The report noted that the Voting Rights Act’s preclearance provision had been invoked more than 700 times between 1982 and 2006 to prevent racially discriminatory voting proposals to go into effect.
“Perhaps the one story that best encapsulates the way Fox News goes out of its way to paint a distorted image of the crossroads of race and crime in America, it’s the network’s coverage of the so-called ‘knockout game,’” the report explained. “Fox described the knockout game as a violent and spreading trend primarily involving black youths assaulting unsuspecting and primarily white victims on the street for recreation. The network has run numerous segments on the alleged craze, and Fox’s Greta Van Susteren has dedicated a recurring segment to the phenomenon.

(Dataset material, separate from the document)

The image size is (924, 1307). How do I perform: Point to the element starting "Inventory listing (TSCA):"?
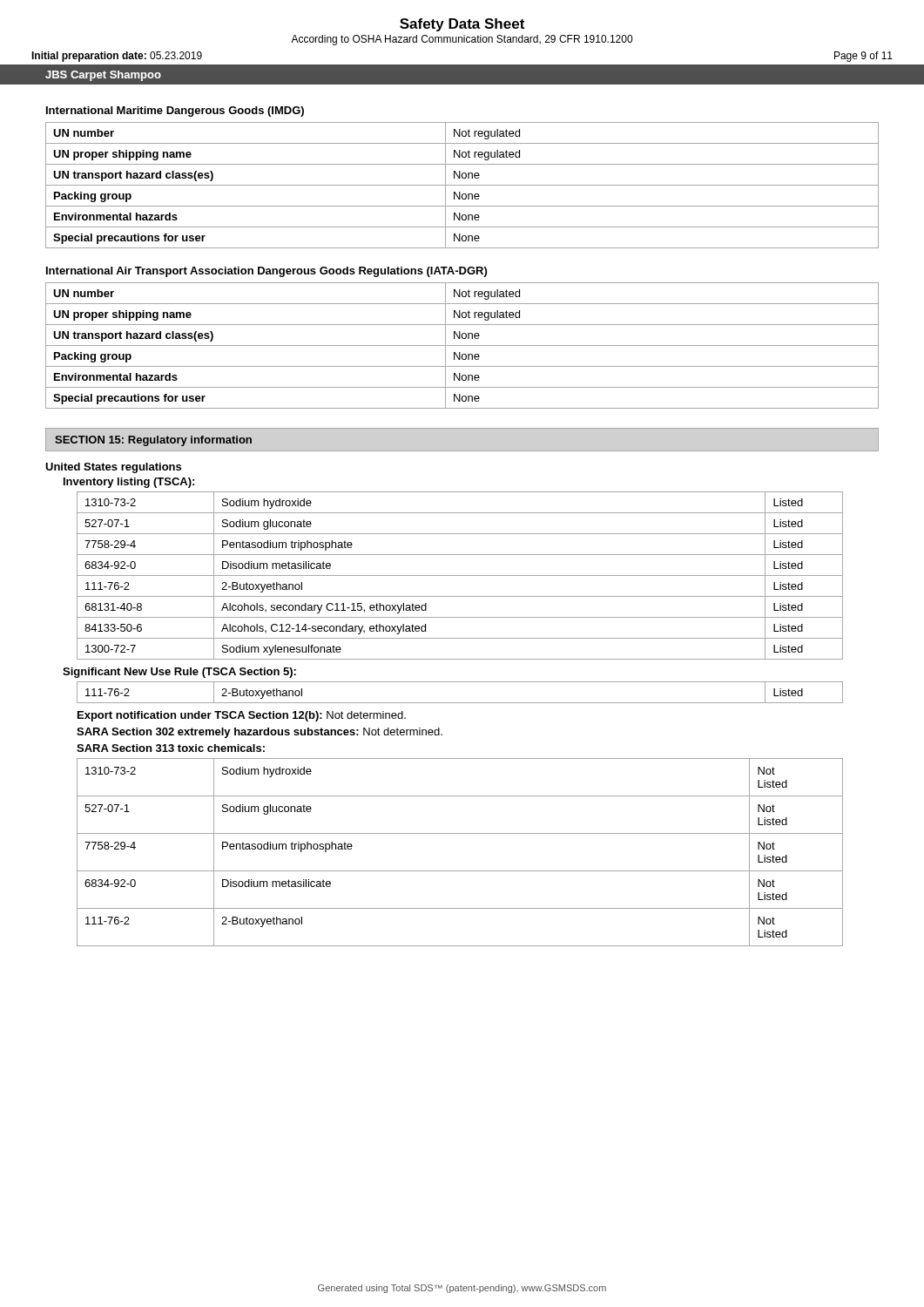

“The primary take-away for viewers: Be afraid of young, black men and women, and don’t let yourself be an unsuspecting victim – black people could assault you at any time for no reason other than the fact that you’re white.”
In fact, as the report states, “A New York Times piece on the knockout game cited police officials in several cities where attacks have been reported who concluded that the game ‘amounted to little more than an urban myth, and that the attacks in question might be nothing more than the sort of random assaults that have always occurred.’”
George E. Curry, former editor-in-chief of Emerge magazine, is editor-in-chief of the National Newspaper Publishers Association News Service (NNPA.) He is a keynote speaker, moderator, and media coach. Curry can be reached through his website, www.georgecurry.com. You can also follow him at on Twitter @currygeorge and George E. Curry Fan Page on Facebook.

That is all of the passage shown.